The model of any process demonstrates its functionality and is useful for its study and analysis. For example, the Turing machine is a model for computation. However, the random-access machine (RAM) model is close to the architecture of serial processing and the parallel RAM (PRAM) model is close to parallel processing. These models are time tested and are the basis of computer science and engineering development. Technology advancements have had a tremendous impact on serial processing speed. Now, communication time (with memory) far exceeds central processing unit (CPU) processing.

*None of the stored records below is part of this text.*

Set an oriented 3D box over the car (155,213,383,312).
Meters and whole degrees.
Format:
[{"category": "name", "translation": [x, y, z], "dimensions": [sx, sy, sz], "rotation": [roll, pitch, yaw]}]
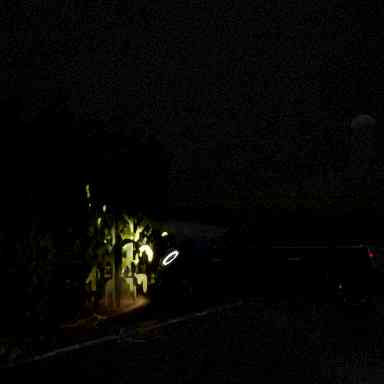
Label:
[{"category": "car", "translation": [1.504, 1.345, 7.374], "dimensions": [4.553, 1.767, 2.097], "rotation": [0, 0, 6]}]
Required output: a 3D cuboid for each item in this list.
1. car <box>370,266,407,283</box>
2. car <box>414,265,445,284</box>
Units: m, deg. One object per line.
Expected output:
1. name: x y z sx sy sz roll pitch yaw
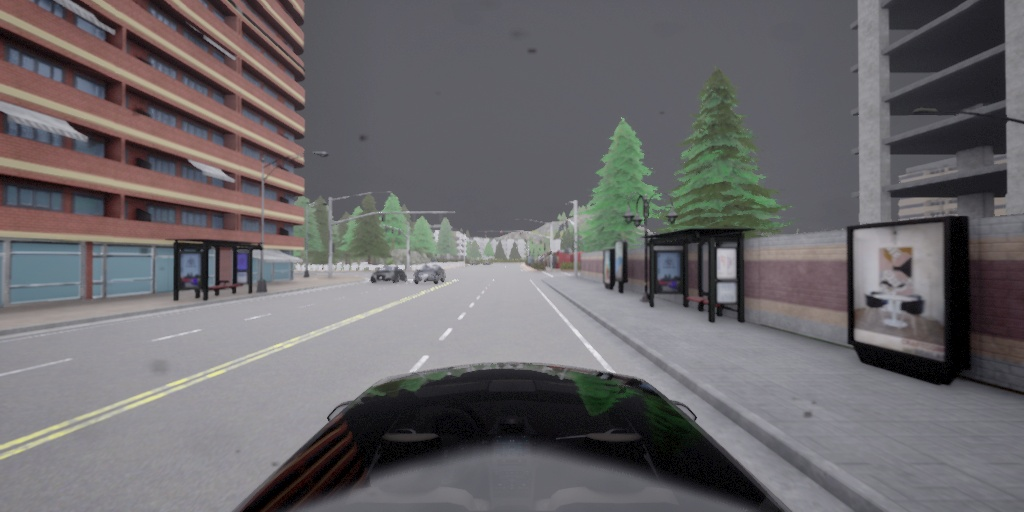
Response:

The viewpoint presented in this article suggests a new model that also accounts for communication time. In a typical case of the addition of two 32-bit words, the energy needed to communicate with global memory is many thousand times more than what is required to compute the addition, which indicates that communication complexity is dominate to computational complexity. These latter complexities are termed as energy complexities, because energy consumed is closely related to clock cycles spent. It is said that, in some cases, communication complexity can be improved via proper design decisions of whether to store the intermediate results or recompute using perceptron networks.
However, the complexity needs of computation do not arise in every situation, for example, in user interface (UI) design, but also in other situations like training neural networks and optimization and simulation problems. The accounting of both computational and communication complexity is important.
There is a lot of concern about energy complexity. In 2018, data centers around the world consumed about one percent of the global electricity, and the figure may rise to three to 14 percent by 2030. This scenario signifies the need for an accurate model of computation so that more efficient algorithms can be picked for any given problem.
Overall, this interesting article focuses on important questions that may lead to a new, multidisciplinary research domain.